他们信马由缰地聊,有时季老会痛痛快快说上2个小时,完全不顾医生的警告。
去美国前,季老抓着蔡德贵的手说:“等你回来,咱们接着说。”他的精神那样矍铄,连蔡德贵都忽略了:这,竟是永别。
《大国学》终于完成了,65岁的蔡德贵一脸释然:还好,总算没有辜负先生的重托。
齐鲁文化让我和季老结缘
晨报:季老身边大学者很多,为何让您写口述史?
蔡德贵:我大学时是季老的学生,但接触很少,以后工作中有过联系,但也不多。后来,我为季老写了传记,那是第一本得到季老认可的传,所以,这次他也找我来代笔了。当初我给季老写传时,有人问“凭什么你来写”,说实话,我也不知道,也许我和季老都是山东人吧,我们对齐鲁文化有共同的感受。
晨报:仅仅因为老乡关系吗?
蔡德贵:齐鲁文化源远流长,所谓百家争鸣,都发生在齐鲁,季老晚年主张“爱国、孝亲、尊师、重道”,这与他少年时的文化氛围息息相关,晚年他一直想写几篇文章,即《士与侠》、《恢复历史的真相》等,作为一生的总结,它们都与齐鲁文化相关。但季老年龄大了,无力完成,他希望找一个对齐鲁文化有体会的人来记录他的口述,这可能是他选择我的原因吧。
完全推翻传统行不通
晨报:本书谈了很多国学的话题,但这些复归传统的思路,能适应现代社会吗?
蔡德贵:季老对此进行了很深入的思考,他说,五四那么伟大的一次运动,也存在遗憾,就是对传统过分否定。事实上,任何民族都不可能中断自己的传统,没有传统,你的特色何在?又如何能建立一个稳定的社会呢?今天孔子学院在全球这么火,说明传统思想并没有失去它的价值,现代社会造成三个方面关系的紧张,即:人与自然、人与社会、物质与精神。而要解决这个问题,就要深入研究孔子的“和谐”思想。
晨报:现代社会,人们更倾向于制度决定论,忽略制度问责,只谈人性,有意义吗?
蔡德贵:什么制度下都有好人有坏人,改造制度的根本还是在改变人心,关注人性的问题与关注制度并不矛盾。
儒家不扼杀理性精神
晨报:但传统礼教压抑人性,扭曲了我们的科学和理性精神,令我们错失了现代化的机遇,这难道不是事实吗?
蔡德贵:我不同意你的判断。科学精神与人的思维方式有关,与传统关系不大。季老把世界文化分成四种,即中国、印度、伊斯兰和希腊。后来我写论文,分成三种,即筷子、手指和刀叉。
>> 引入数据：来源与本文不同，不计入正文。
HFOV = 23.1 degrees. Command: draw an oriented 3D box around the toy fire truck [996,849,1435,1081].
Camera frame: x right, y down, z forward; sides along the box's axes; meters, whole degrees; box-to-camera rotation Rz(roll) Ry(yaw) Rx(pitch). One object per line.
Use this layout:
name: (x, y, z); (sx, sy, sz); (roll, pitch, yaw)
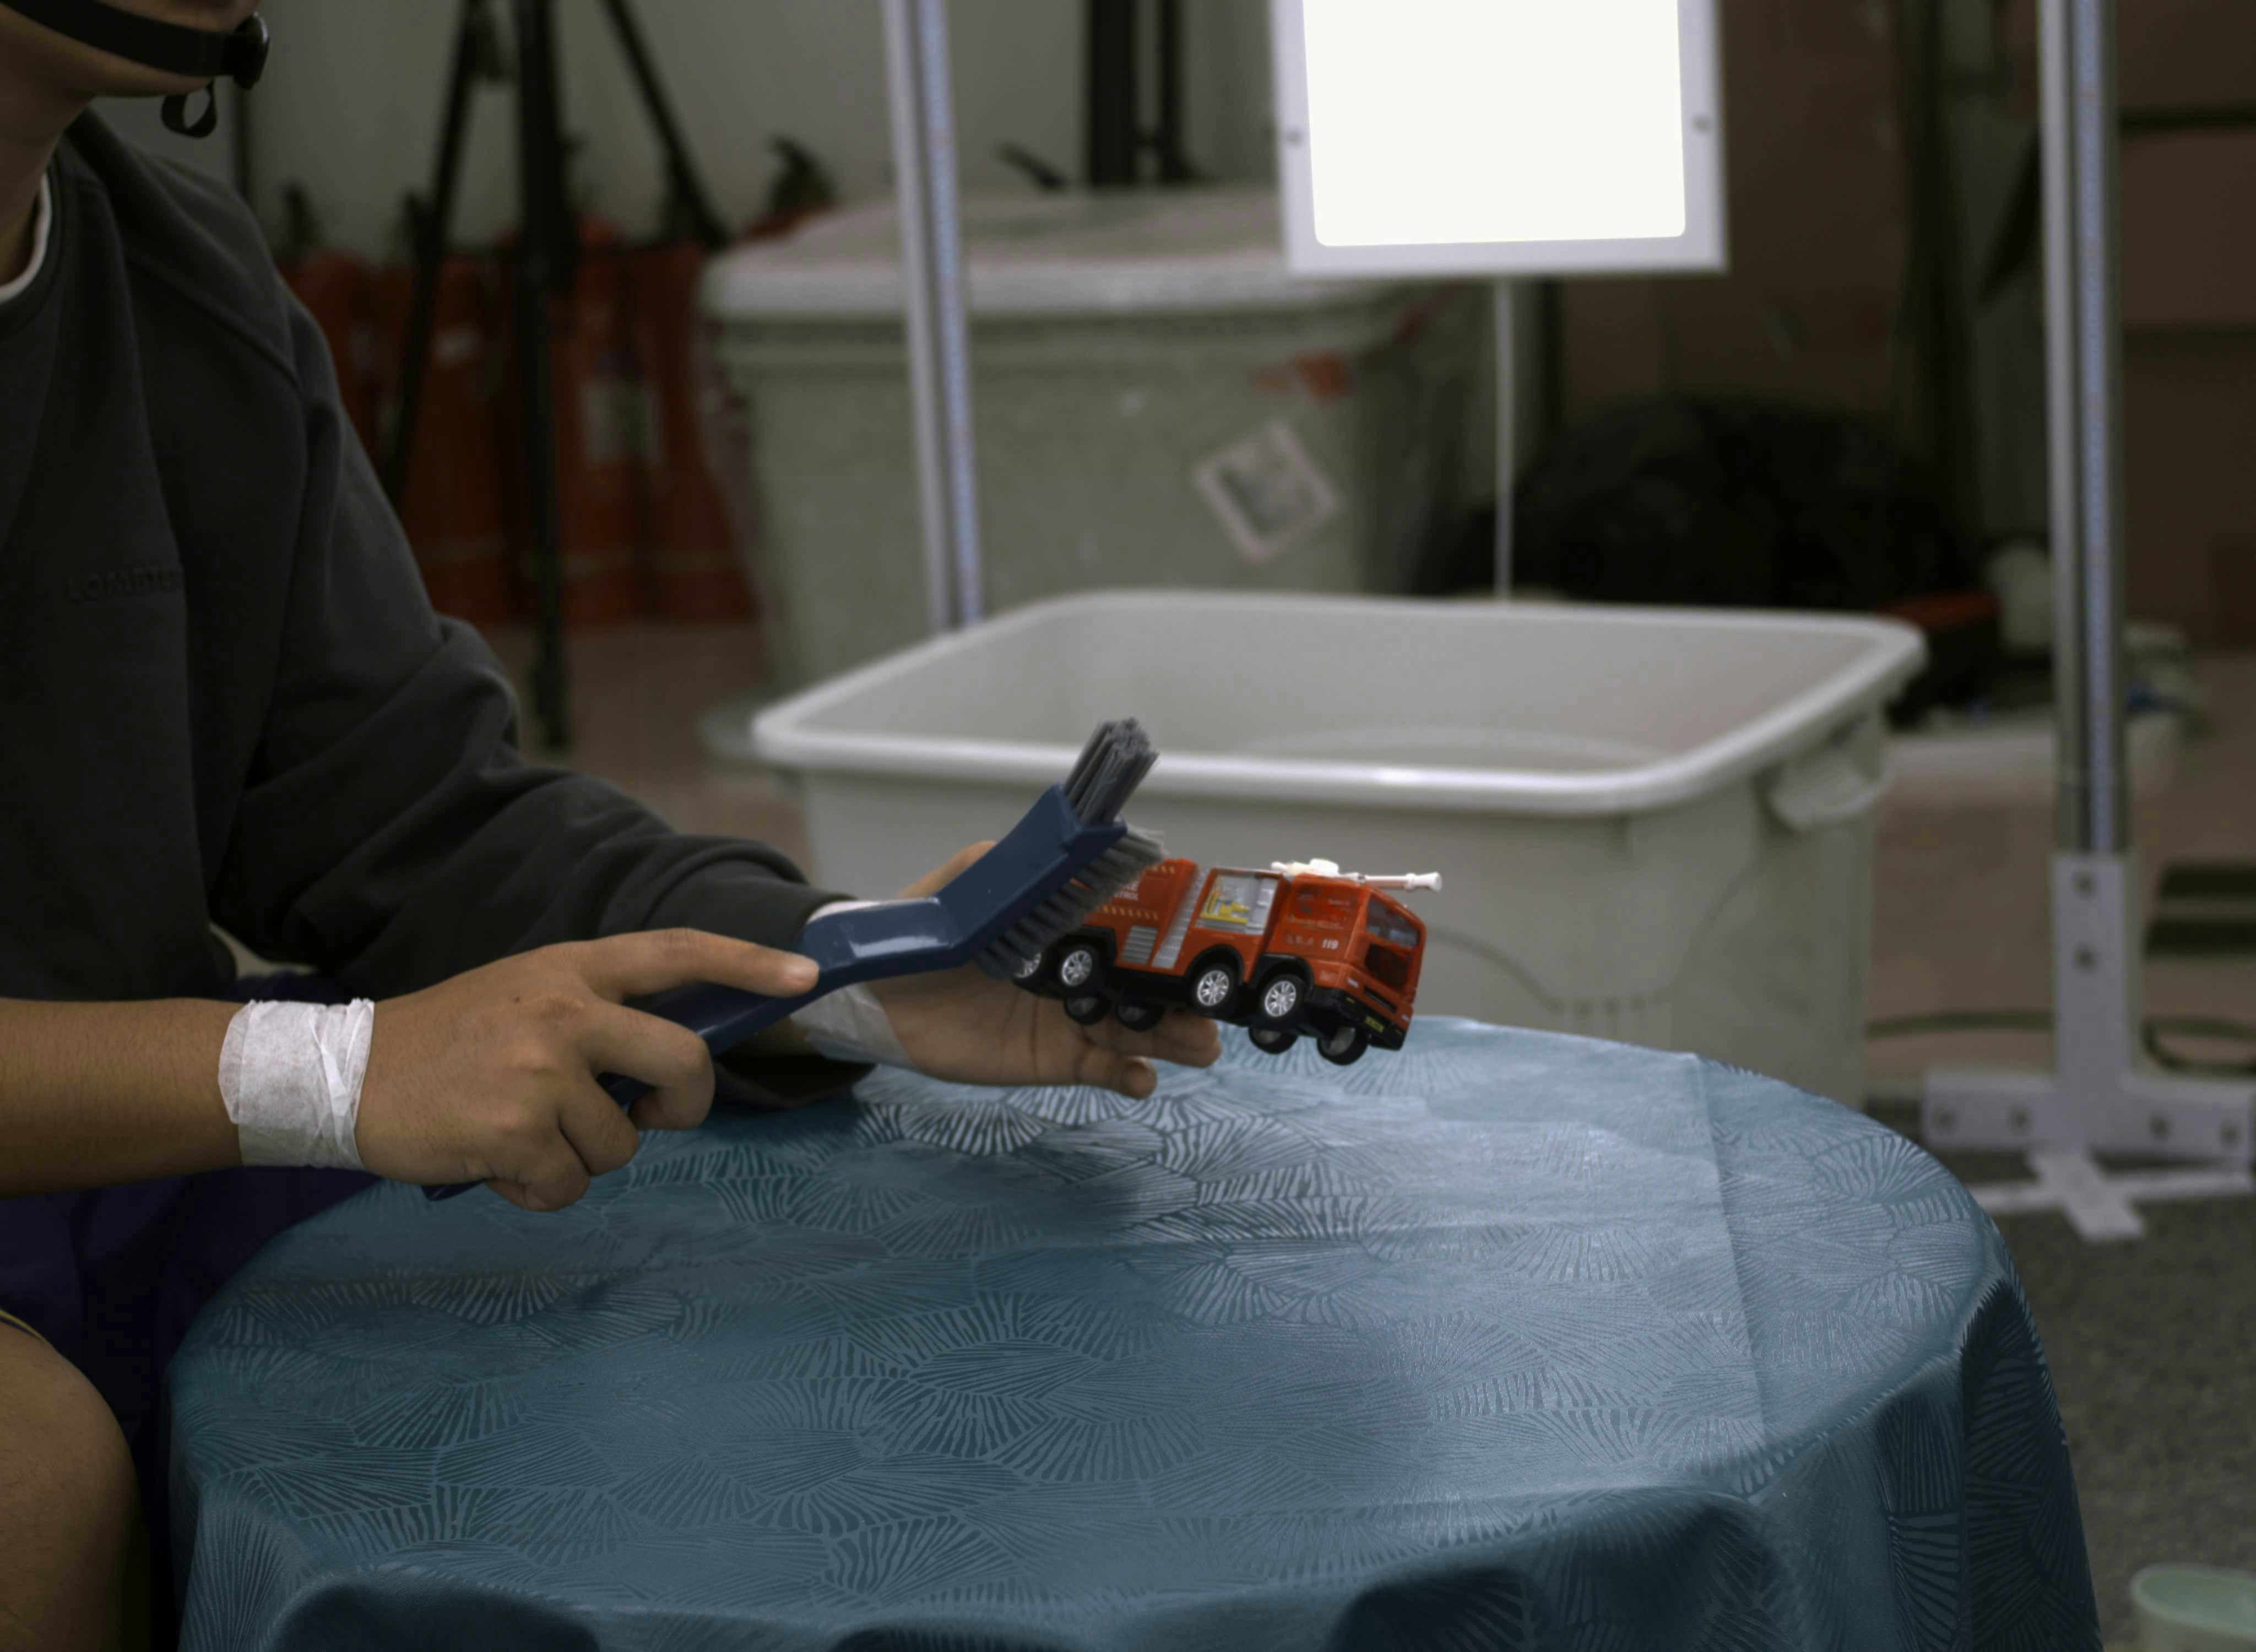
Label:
toy fire truck: (0.029, 0.041, 1.877); (0.171, 0.070, 0.053); (6, -18, 41)

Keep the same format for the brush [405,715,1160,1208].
brush: (-0.117, 0.046, 1.830); (0.272, 0.095, 0.034); (-23, 54, -4)

筷子文化以中国为代表,筷子用力不直接作用在食物上,这就形成了综合性思维,不强调征服自然,而是与自然共存,所以人文精神比较强。手指文化以印度、伊斯兰为代表,他们吃饭不用手就感觉不够香,这种亲证自然,使他们时时刻刻体会到自然的威力,所以宗教精神特别强,形成了辩证思维。刀叉文化则相对理性,注重逻辑,形成了分析思维,16世纪西方普遍使用刀叉后,科学精神迅速提升。我把这篇论文给季老看,他说“有道理啊”,中国文明曾错过了现代化,这是思维方式的问题,宋代时我们将辩证思维融合进来,现在我们正努力融合分析思维,只要我们更重视分析思维,我们的科学也会得到较快发展。
新儒家缺乏实践勇气
晨报:传统中国社会是泛伦理社会,但一直未能解决虚伪的问题,毕竟善缺乏外在的标准,国学能解决这个问题吗?